Cronaca

Carradori (Ausl): "Dovremo abituarci ai richiami. I sanitari 'no vax'? Circa 500, rischiano la sospensione"

Il direttore generale di Ausl Romagna: "Chiederemo la collaborazione dei medici di base per gli over 60 non vaccinati, mentre gli operatori sanitari non immunizzati sono poco più di 500"

L'emergenza pandemica torna a dare respiro alle strutture e al personale ospedaliero, ma rimangono comunque alcuni dubbi sul futuro della lotta al Coronavirus. Mentre sono in molti a temere le incognite legate alle varianti del virus, il direttore generale di Ausl Romagna Tiziano Carradori esprime ottimismo sulla condizione attuale. "Siamo in una situazione totalmente diversa dalla scorsa estate - afferma Carradori a margine della presentazione del nuovo direttore di Chirurgia Generale di Ravenna e del Responsabile della Direzione Infermieristica della Romagna - Abbiamo una buona copertura della popolazione grazie ai vaccini". 
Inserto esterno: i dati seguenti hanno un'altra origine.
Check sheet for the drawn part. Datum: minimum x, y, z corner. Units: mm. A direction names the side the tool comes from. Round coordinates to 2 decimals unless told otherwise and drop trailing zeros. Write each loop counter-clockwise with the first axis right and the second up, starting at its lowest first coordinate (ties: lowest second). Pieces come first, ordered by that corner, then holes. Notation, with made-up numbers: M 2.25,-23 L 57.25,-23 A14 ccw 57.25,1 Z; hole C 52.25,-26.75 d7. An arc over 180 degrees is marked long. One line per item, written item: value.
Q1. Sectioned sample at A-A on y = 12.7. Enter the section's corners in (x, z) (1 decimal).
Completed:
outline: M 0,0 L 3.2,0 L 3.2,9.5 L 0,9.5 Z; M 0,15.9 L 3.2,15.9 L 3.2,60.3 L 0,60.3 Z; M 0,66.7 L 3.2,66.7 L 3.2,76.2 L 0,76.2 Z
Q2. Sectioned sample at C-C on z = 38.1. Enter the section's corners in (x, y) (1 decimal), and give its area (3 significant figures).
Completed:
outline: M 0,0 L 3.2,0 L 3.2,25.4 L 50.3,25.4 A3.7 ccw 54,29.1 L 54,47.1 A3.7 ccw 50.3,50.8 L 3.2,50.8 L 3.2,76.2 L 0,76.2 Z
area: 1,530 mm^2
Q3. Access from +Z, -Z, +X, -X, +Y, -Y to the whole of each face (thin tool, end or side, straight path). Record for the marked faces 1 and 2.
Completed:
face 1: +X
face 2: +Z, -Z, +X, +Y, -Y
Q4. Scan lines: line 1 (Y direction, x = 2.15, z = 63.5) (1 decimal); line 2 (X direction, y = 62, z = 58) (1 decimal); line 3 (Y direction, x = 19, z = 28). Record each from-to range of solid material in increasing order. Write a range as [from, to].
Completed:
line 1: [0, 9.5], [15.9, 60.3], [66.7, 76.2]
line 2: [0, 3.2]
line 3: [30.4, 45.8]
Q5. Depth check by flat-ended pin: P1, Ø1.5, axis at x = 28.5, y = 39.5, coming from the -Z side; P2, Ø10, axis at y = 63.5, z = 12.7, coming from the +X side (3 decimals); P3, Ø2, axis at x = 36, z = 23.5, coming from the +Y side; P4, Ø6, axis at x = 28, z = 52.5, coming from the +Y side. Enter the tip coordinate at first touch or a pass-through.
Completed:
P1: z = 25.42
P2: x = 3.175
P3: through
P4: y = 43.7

Parlando in particolare della popolazione over 60, il direttore di Ausl Romagna precisa che i non vaccinati in tutta l'area romagnola corrispondono a circa il 14%. "Aspettiamo le nuove forniture di vaccini - prosegue Carradori - attualmente siamo costretti a marciare alla metà della nostra capacità, pensavamo di essere già alla conclusione della campagna vaccinale. Però guardiamo alla situazione con positività, coprendo la fetta di popolazione più fragile possiamo rivolgerci agli altri". Riferendosi poi ai cittadini over 60 non vaccinati Carradori aggiunge: "Chiederemo ancora la collaborazione dei medici di base. Inoltreremo loro i nomi degli assistiti che non hanno ancora fatto il vaccino. Se possibile, renderemo disponibile il vaccino che preferiscono". 

Per quanto riguarda poi gli operatori sanitari, il direttore di Ausl Romagna fa sapere che su un numero totale di oltre 16mila professionisti, sono poco più di 500 coloro che non hanno ancora effettuato il vaccino. Per coloro che, in seguito ai dovuti solleciti, dovessero comunque rifiutare il vaccino anti-Covid, la pena massima prevista è quella della sospensione dal servizio senza stipendio. "Quello di immunizzarsi per gli operatori sanitari - sottolinea Carradori - è prima di tutto un dovere deontologico, prima ancora che un obbligo di legge".

Una considerazione finale va invece all'attuale circolazione del virus e delle temute varianti, a cominciare dalla Delta. "Dovremo fare i conti con le varianti - ammette Carradori - Metà della popolazione mondiale non riceverà mai il vaccino e quindi il virus per sopravvivere continuerà a mutare, perciò le future varianti sono una certezza. Sono convinto che ci dovremo abituare in futuro a fare dei richiami, un po' come accade per l'influenza".